■ Task to carry out
Your answer must be the full listing, reproduced exactly, minus any pictures.

[[ Information supplied, beginning ]]

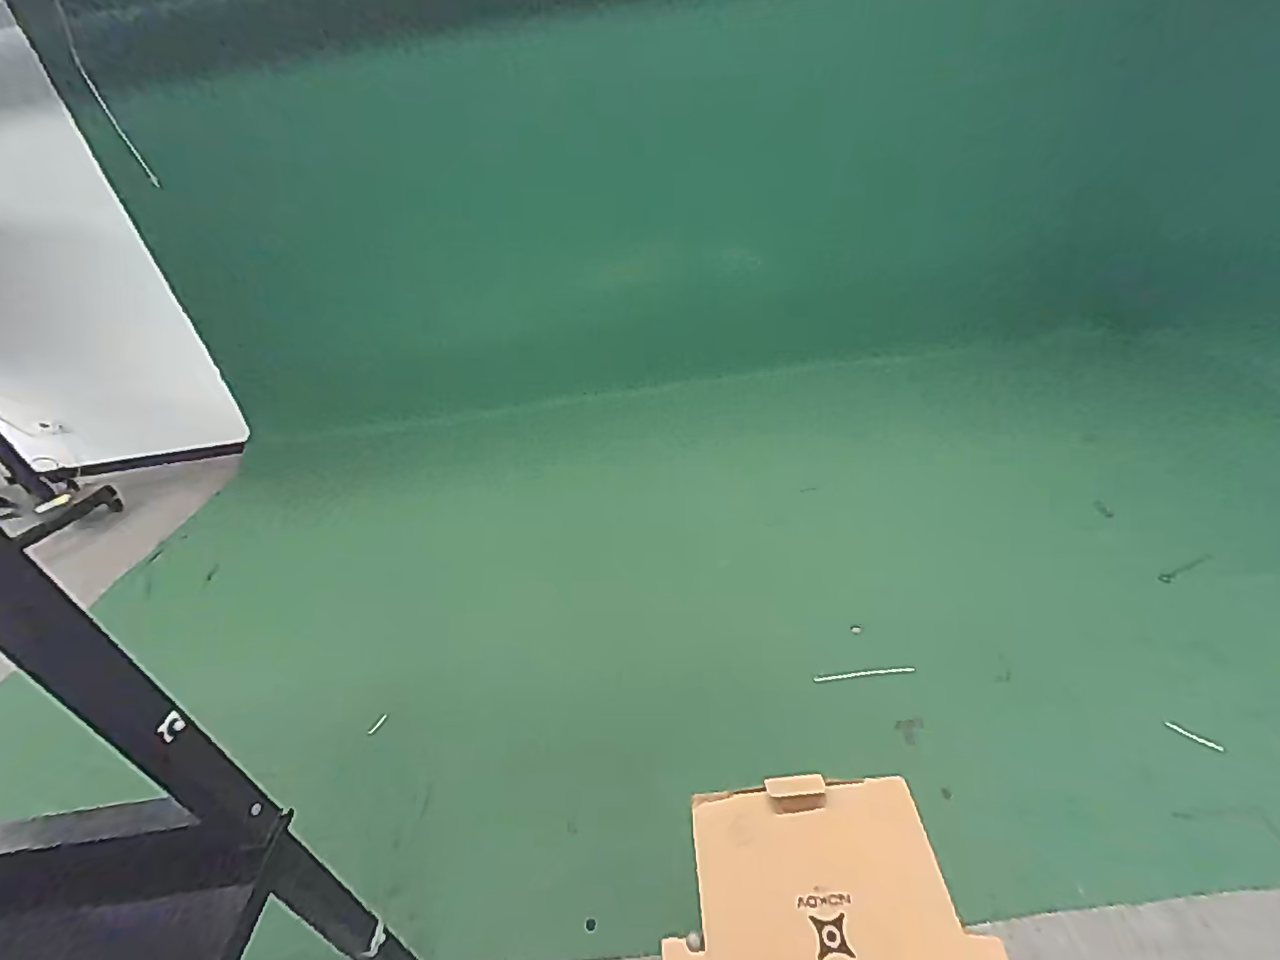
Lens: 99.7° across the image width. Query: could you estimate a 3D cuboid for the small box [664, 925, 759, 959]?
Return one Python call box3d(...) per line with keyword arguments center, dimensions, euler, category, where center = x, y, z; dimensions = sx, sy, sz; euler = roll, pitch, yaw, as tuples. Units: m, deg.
box3d(center=(0.139, 0.922, 0.941), dimensions=(0.168, 0.176, 0.179), euler=(-9, 31, 2), category="small box")

[[ Information supplied, end ]]

■ Result for this exercise
Lens: 99.7° across the image width. Query: could you estimate a 3D cuboid for the small box [664, 925, 759, 959]?
Return one Python call box3d(...) per line with keyword arguments center, dimensions, euler, category, where center = x, y, z; dimensions = sx, sy, sz; euler = roll, pitch, yaw, as tuples. Units: m, deg.
box3d(center=(0.139, 0.922, 0.941), dimensions=(0.168, 0.176, 0.179), euler=(-9, 31, 2), category="small box")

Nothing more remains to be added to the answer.